» **WORK ITEM**: One number is the whole answer: how many lines of the material hold "listed".

^^^^^^^^^^^^^^^^

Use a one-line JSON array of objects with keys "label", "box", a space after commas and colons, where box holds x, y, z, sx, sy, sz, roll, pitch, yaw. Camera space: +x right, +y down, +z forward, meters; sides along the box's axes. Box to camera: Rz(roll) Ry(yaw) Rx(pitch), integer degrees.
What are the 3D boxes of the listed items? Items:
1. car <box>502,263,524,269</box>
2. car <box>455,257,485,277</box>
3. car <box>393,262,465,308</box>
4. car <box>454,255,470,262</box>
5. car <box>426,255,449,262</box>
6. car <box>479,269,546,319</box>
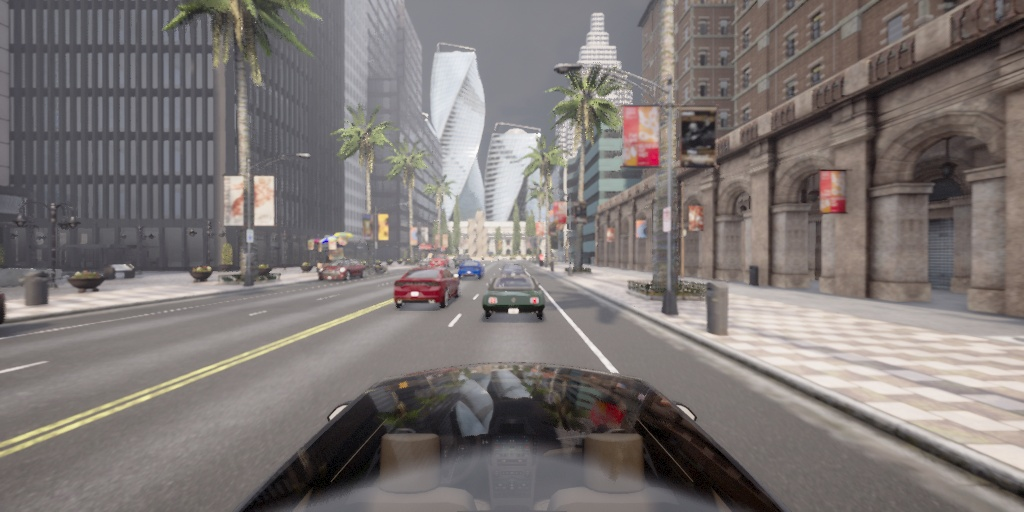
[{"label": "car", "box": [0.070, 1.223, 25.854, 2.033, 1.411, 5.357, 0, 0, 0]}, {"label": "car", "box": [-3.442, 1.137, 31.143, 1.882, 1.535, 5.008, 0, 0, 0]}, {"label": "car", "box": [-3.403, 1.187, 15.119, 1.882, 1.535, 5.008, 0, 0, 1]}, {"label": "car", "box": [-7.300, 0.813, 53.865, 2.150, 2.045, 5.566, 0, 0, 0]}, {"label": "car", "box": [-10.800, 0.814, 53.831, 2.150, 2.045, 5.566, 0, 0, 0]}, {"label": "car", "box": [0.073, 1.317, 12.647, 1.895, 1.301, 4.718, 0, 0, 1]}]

^^^^^^^^^^^^^^^^

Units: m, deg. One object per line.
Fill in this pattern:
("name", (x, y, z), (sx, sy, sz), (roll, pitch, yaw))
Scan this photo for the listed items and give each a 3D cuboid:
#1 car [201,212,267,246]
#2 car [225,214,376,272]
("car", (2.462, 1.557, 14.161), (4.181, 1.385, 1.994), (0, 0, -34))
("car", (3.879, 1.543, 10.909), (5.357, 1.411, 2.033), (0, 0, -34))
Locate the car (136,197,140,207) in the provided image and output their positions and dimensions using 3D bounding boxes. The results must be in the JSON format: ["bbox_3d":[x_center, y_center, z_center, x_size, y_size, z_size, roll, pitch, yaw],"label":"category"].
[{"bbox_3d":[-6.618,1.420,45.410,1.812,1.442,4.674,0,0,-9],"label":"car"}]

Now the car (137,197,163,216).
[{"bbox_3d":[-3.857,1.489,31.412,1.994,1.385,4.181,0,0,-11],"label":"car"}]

^^^^^^^^^^^^^^^^

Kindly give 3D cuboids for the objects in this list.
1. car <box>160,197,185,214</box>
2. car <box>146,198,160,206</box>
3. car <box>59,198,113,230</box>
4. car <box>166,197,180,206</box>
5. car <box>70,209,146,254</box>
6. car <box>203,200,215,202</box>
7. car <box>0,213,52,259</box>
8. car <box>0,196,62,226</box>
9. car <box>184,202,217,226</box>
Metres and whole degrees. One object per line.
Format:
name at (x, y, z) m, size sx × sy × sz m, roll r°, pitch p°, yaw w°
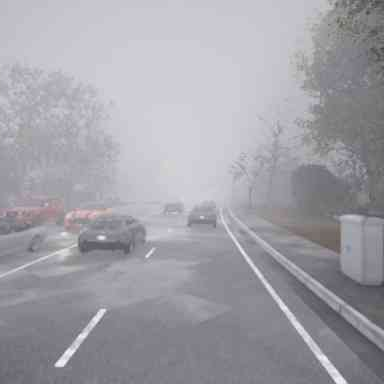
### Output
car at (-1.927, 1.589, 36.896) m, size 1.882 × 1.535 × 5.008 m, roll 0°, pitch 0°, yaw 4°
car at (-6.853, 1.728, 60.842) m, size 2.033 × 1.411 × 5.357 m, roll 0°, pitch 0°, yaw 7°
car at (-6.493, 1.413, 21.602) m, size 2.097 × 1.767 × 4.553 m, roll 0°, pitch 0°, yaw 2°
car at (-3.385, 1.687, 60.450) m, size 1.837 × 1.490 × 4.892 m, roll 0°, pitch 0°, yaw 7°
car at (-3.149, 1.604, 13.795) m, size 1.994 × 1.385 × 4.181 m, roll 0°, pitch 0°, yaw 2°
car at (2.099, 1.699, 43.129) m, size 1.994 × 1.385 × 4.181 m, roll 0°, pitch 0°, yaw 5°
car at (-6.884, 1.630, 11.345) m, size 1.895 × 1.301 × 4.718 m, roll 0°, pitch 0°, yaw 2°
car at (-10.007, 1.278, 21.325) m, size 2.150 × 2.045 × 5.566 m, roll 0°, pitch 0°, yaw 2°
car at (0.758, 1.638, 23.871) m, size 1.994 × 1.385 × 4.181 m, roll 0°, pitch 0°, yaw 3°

^^^^^^^^^^^^^^^^

» **EXPECTED OUTPUT**: 2